Uno degli elementi più sottovalutati nell’investimento in aziende tecnologiche ad alta crescita è il rischio narrativo. Nvidia vale oggi, a seconda del momento di lettura, tra $2.000 e $3.000 miliardi di dollari di capitalizzazione. I multipli di valutazione incorporano scenari di crescita che si estendono per anni, e qualsiasi delusione rispetto a queste aspettative potrebbe tradursi in correzioni significative, indipendentemente dalla qualità del business sottostante.
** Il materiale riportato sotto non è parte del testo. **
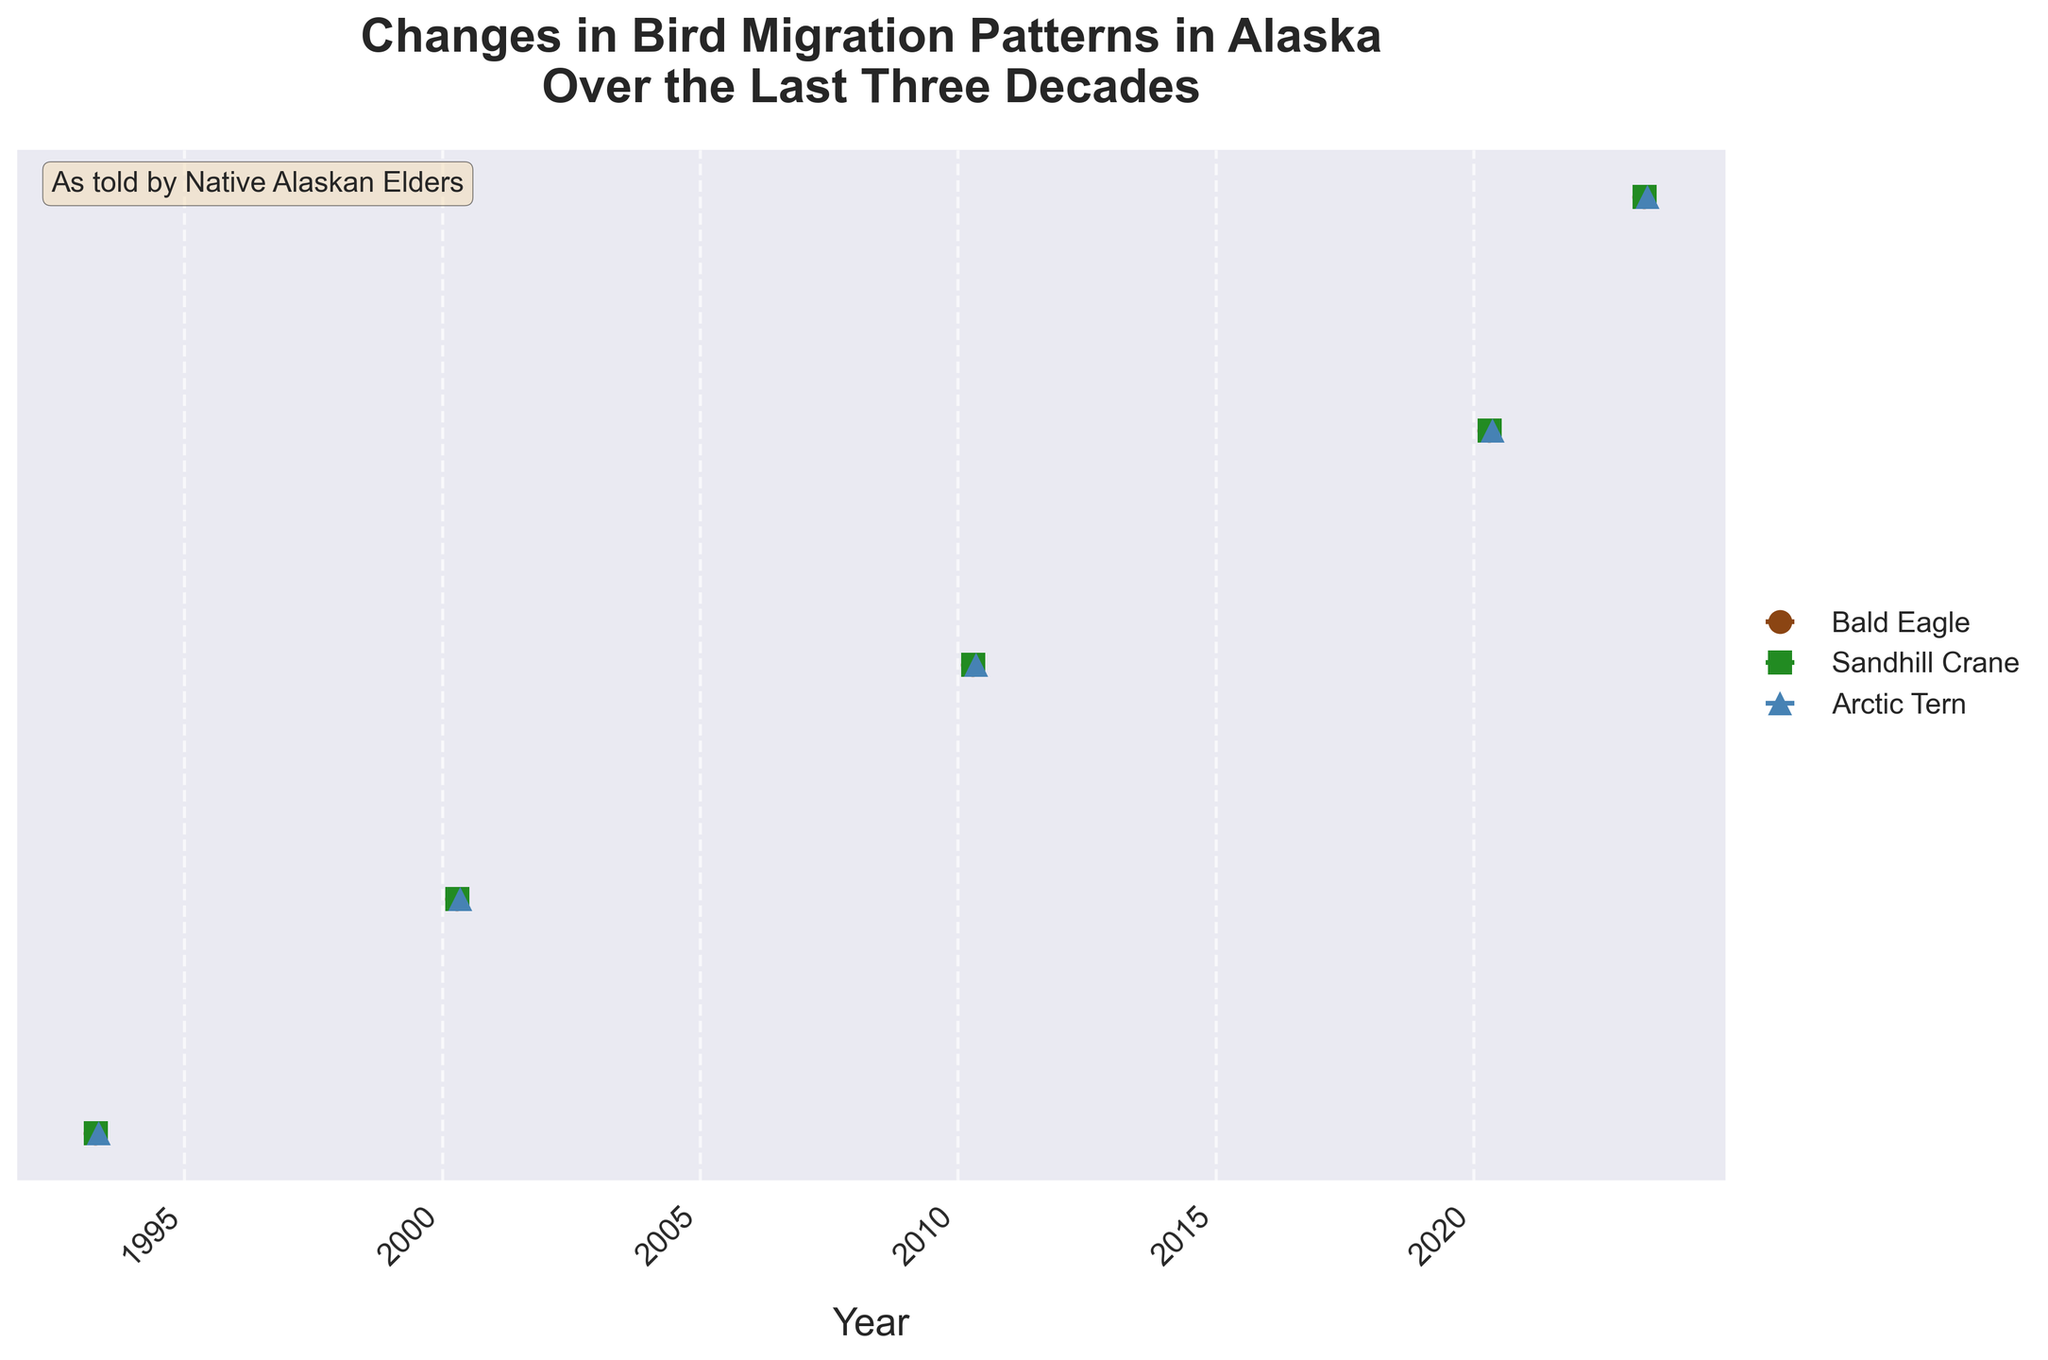What is the title of the figure? The title is usually displayed at the top of the figure. In this case, it’s clearly visible and can be read directly.
Answer: Changes in Bird Migration Patterns in Alaska Over the Last Three Decades How many different bird species are represented in the figure? The number of bird species can be determined by looking at the legend of the figure, which shows the different species represented by different markers and colors.
Answer: Three Which bird species has the latest average arrival date in 2023? By looking at the markers on the plot and matching them with the year 2023, we can see which one is the furthest to the right.
Answer: Arctic Tern Has the average arrival date of the Bald Eagle changed over the years? This can be observed by following the markers for the Bald Eagle from the left (earlier years) to the right (more recent years).
Answer: Yes What is the average arrival date of the Sandhill Crane in 2000? By locating the marker for Sandhill Crane in the year 2000, we can find the corresponding arrival date.
Answer: April 18 How has the arrival date of the Arctic Tern changed from 1993 to 2023? We compare the position of the markers for Arctic Tern in 1993 and 2023 to see the shift in dates.
Answer: It has shifted later Which species shows the most consistent pattern in arrival dates according to the error bars? The consistency can be evaluated by looking at the size of the error bars. Smaller error bars indicate more consistency.
Answer: Bald Eagle How does the standard deviation of arrival dates for Sandhill Crane in 2023 compare to that in 1993? By observing the length of the error bars for Sandhill Crane in both years, we can compare their sizes.
Answer: Larger in 2023 Which bird species' average arrival date has changed the most from 2010 to 2023? By comparing the shifts in arrival dates for all species between these years, we can identify which has the most noticeable change.
Answer: Arctic Tern On average, whose arrival dates are tending to get later over the years? We look at the overall trend of each bird species’ markers from left to right to determine if the trend is skewing later in the year.
Answer: All species 
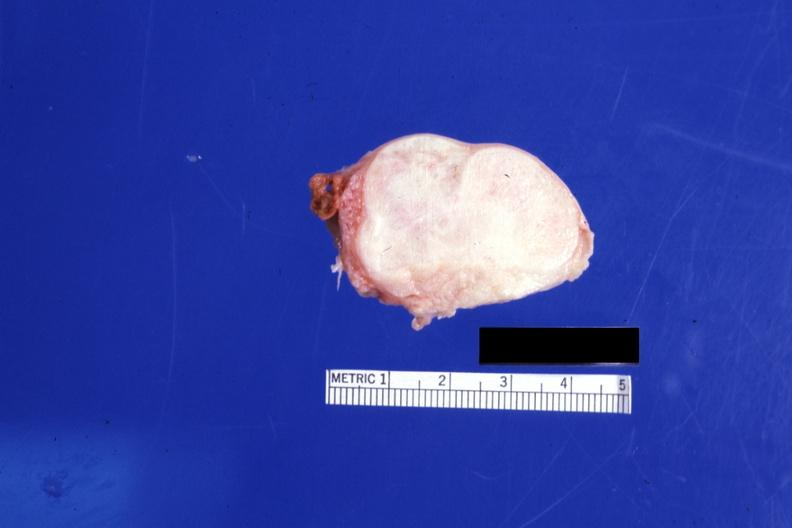s good example of muscle atrophy present?
Answer the question using a single word or phrase. No 
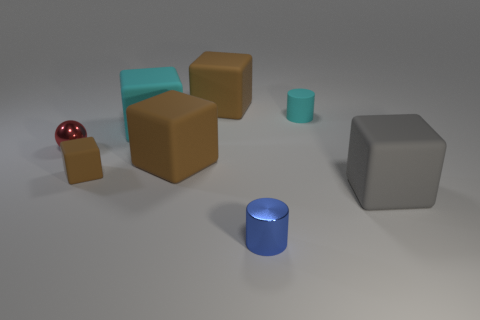There is a gray block that is the same size as the cyan cube; what is it made of?
Give a very brief answer. Rubber. What is the color of the cylinder to the right of the small cylinder that is in front of the small metal thing to the left of the large cyan matte object?
Ensure brevity in your answer.  Cyan. There is a small metallic thing on the right side of the small red thing; does it have the same shape as the big brown matte object that is behind the red object?
Provide a short and direct response. No. How many cyan cubes are there?
Your answer should be very brief. 1. What color is the rubber cylinder that is the same size as the sphere?
Provide a succinct answer. Cyan. Does the cylinder behind the small blue object have the same material as the small sphere that is in front of the small matte cylinder?
Make the answer very short. No. How big is the cyan matte thing left of the cylinder that is in front of the big gray matte block?
Offer a very short reply. Large. There is a cylinder that is behind the gray matte cube; what is it made of?
Offer a terse response. Rubber. What number of objects are objects that are in front of the small red shiny thing or brown rubber things right of the tiny matte block?
Your answer should be very brief. 5. What material is the other tiny thing that is the same shape as the tiny blue metallic object?
Provide a succinct answer. Rubber. 
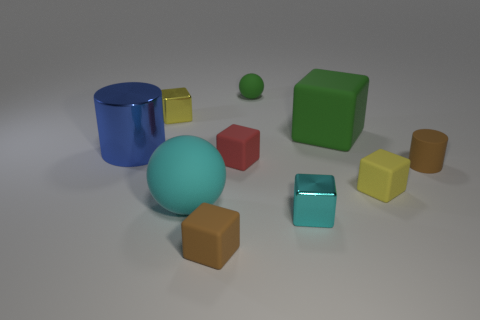Subtract all green blocks. How many blocks are left? 5 Subtract all yellow blocks. How many blocks are left? 4 Subtract all blue blocks. Subtract all red cylinders. How many blocks are left? 6 Subtract all cubes. How many objects are left? 4 Subtract all big metal cylinders. Subtract all large green rubber blocks. How many objects are left? 8 Add 8 rubber cylinders. How many rubber cylinders are left? 9 Add 4 green matte things. How many green matte things exist? 6 Subtract 0 red cylinders. How many objects are left? 10 
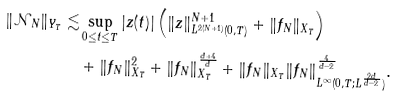<formula> <loc_0><loc_0><loc_500><loc_500>\| \mathcal { N } _ { N } \| _ { Y _ { T } } \lesssim & \sup _ { 0 \leq t \leq T } | z ( t ) | \left ( \| z \| _ { L ^ { 2 ( N + 1 ) } ( 0 , T ) } ^ { N + 1 } + \| f _ { N } \| _ { X _ { T } } \right ) \\ & + \| f _ { N } \| _ { X _ { T } } ^ { 2 } + \| f _ { N } \| _ { X _ { T } } ^ { \frac { d + 4 } { d } } + \| f _ { N } \| _ { X _ { T } } \| f _ { N } \| _ { L ^ { \infty } ( 0 , T ; L ^ { \frac { 2 d } { d - 2 } } ) } ^ { \frac { 4 } { d - 2 } } .</formula>

Chi cerca il prossimo Nvidia dovrebbe chiedersi non solo «questa azienda crescerà?» ma «questa azienda crescerà quanto il mercato si aspetta, e nei tempi in cui il mercato se lo aspetta?». Sono domande diverse, e la seconda è molto più difficile a cui rispondere.

Il rischio di entrare in una buona azienda al momento sbagliato, a una valutazione che incorpora già tutta la crescita futura attesa, è uno dei pattern più ricorrenti nella storia dei mercati finanziari. È accaduto con le dot-com nel 2000, con i titoli solari nel 2007, e potrebbe accadere con alcune componenti del comparto IA oggi.

La storia di Nvidia è reale, documentata e per certi versi straordinaria. Ma ogni storia di questo tipo nasconde al proprio interno anni di volatilità, incertezza e momenti in cui la narrativa sembrava essersi interrotta. Chi si avvicina al prossimo ciclo dell’intelligenza artificiale con entusiasmo farebbe bene a portare con sé anche quella memoria, non per rinunciare alle opportunità, ma per non confondere una buona storia con una garanzia.